From TFC: Other courts of first instance may hear and adjudicate cases and controversies according to the specialty of practice selected by a majority of the court's attorneys, or hold a general civil session if subscribed by more than twenty attorneys.
end quote

From TFC: From time to time, the Supreme Court may create, regulate, fund, and appoint judges to appellate courts,
end quote

From TFC: The most serious crime of all is abuse of the police power, and the Constitution provides the sternest possible punishment (basically, the death penalty) for willfully and wrongfully denying another person's legal presumption of innocence and right to due process.
end quote


From TFC: Note also that in homicide cases, prosecution made is on behalf of a survivor – a grieving spouse, dependent child, or business associate. "The earth belongs in usufruct to the living." (Jefferson)
end quote


I hope everyone who is interested will consider just those ten points and topics I quoted and then give Wolf his doo. Instead of commenting further, I will stick a letter from Eyal next.

From: Eyal Mozes To: objectivism, Subject: OWL: cultural requirements for a free political system Date: Wed, 28 Jan 2004 08:24:17 -0500

James Donald's latest message brings up an issue on which I've never seen any extensive discussion in debates about anarcho-capitalism: what are the cultural requirements for a free political system - anarcho-capitalism or a minimal monopoly government - to function and to protect individual rights? Advocates of anarcho-capitalism often beg the question on this issue, when they argue by comparing how anarcho-capitalism would function in a society in which individual rights are universally recognized and respected to how a monopoly government functions today.

James Donald states that anarcho-capitalism would function well in a culture in which "natural law crimes" are "totally uncontroversial", and in which "for ordinary routine crimes there would be no disagreement". To which my question is: in such a culture, why would you need anarcho- capitalism?

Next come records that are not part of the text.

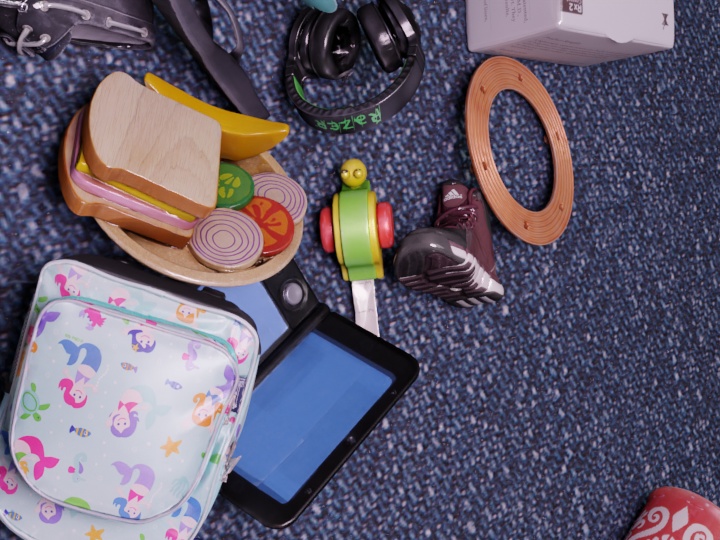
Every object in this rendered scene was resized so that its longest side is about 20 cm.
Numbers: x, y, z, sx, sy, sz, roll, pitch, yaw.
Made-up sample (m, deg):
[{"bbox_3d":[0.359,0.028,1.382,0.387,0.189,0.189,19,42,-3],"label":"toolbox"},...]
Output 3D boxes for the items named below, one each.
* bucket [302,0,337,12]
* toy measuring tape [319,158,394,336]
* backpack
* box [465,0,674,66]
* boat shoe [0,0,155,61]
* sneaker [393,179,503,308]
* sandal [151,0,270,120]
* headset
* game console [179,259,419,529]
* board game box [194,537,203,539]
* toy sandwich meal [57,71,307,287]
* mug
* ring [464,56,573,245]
[{"bbox_3d":[-0.039,-0.330,0.913,0.134,0.206,0.210,25,73,-29],"label":"bucket"},{"bbox_3d":[0.000,0.000,1.012,0.073,0.073,0.203,-6,92,-40],"label":"toy measuring tape"},{"bbox_3d":[-0.170,0.106,0.794,0.175,0.151,0.202,19,95,-7],"label":"backpack"},{"bbox_3d":[0.218,-0.329,1.173,0.197,0.130,0.203,-2,90,-41],"label":"box"},{"bbox_3d":[-0.236,-0.189,0.823,0.199,0.071,0.069,-8,93,-48],"label":"boat shoe"},{"bbox_3d":[0.080,-0.039,1.069,0.200,0.075,0.117,34,50,-65],"label":"sneaker"},{"bbox_3d":[-0.117,-0.186,0.880,0.043,0.076,0.200,-40,154,-2],"label":"sandal"},{"bbox_3d":[0.003,-0.200,1.005,0.094,0.122,0.202,57,34,-53],"label":"headset"},{"bbox_3d":[-0.077,0.073,0.917,0.200,0.116,0.177,-45,116,-32],"label":"game console"},{"bbox_3d":[-0.036,0.266,0.891,0.151,0.199,0.046,29,70,-35],"label":"board game box"},{"bbox_3d":[-0.128,-0.076,0.857,0.203,0.070,0.207,18,44,-18],"label":"toy sandwich meal"},{"bbox_3d":[0.340,0.378,1.259,0.200,0.133,0.179,-43,113,-29],"label":"mug"},{"bbox_3d":[0.164,-0.124,1.171,0.199,0.019,0.203,18,65,-45],"label":"ring"}]
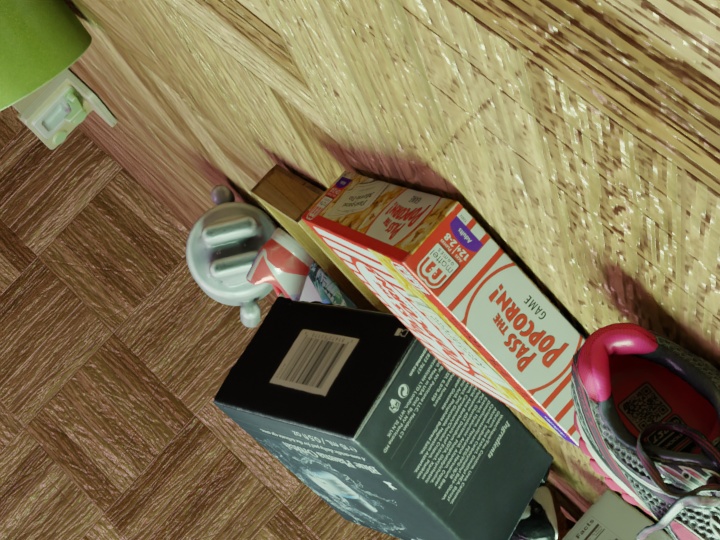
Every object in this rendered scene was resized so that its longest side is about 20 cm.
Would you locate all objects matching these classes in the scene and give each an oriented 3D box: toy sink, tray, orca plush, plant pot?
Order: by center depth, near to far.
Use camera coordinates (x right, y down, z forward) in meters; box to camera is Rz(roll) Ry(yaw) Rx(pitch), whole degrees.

Why would you need any institutions *at all* for protecting individual rights, whether competitive or monopoly? If there is no disagreement on crime, i.e. everyone with no exception understands individual rights and respects them, then no one would want to commit any crimes, and so protection from crime is not needed; and while there might still be disputes about contracts, so contract arbitration may still be needed, everyone would voluntarily comply with the decisions of any arbitrator that they have agreed to accept, so the use of retaliatory force for contract enforcement would also not be needed. The *only* function that might still be needed for the retaliatory use of force would be national defense.

This is the society Rand described in Galt's Gulch. In Galt's Gulch there is no police, no enforcement of contracts, no protection from crime, because none is needed. The only institution needed to protect individual rights is Galt's screen hiding the gulch from the outside, a form of national defense. The only way to achieve such a society is the way it is done in Atlas Shrugged: hand-pick the people allowed to enter the area, make sure (among other requirements) that all of them understand and respect individual rights before they are allowed to come in, and find some way to make sure outsiders cannot come in without permission. The result, as Rand recognized, is far from an ideal society; its inhabitants are eager to leave it and "go back to the world" as soon as they can; the reason is that any such society would necessarily be very small-scale, with a small number of people and therefore with limited opportunities for productive achievement.

A more reasonable cultural requirement for anarcho-capitalism may be a society in which individual rights are not *totally* uncontroversial, but nearly so; in which a rational philosophy of individual rights is so dominant that there may be an individual here and there who does not respect individual rights, or who believes in Marxism or in "pro-life" or in some other anti-individual-rights philosophy, but such people are so rare that there's not enough of them to organize into a group of any consequence. In such a society individual criminals may exist, but an organized crime organization on any scale could never form, and neither could a Marxist or a "pro-life" organization. I would concede that in such a culture, an anarcho-capitalist system could function effectively (with the caveat that it will have to find some way to handle national defense); but then so would a monopoly government. If individual rights are so universally understood that a "defense agency" that attacks individual rights could never form, then a monopoly government could never be taken over by politicians who try to increase its power, either.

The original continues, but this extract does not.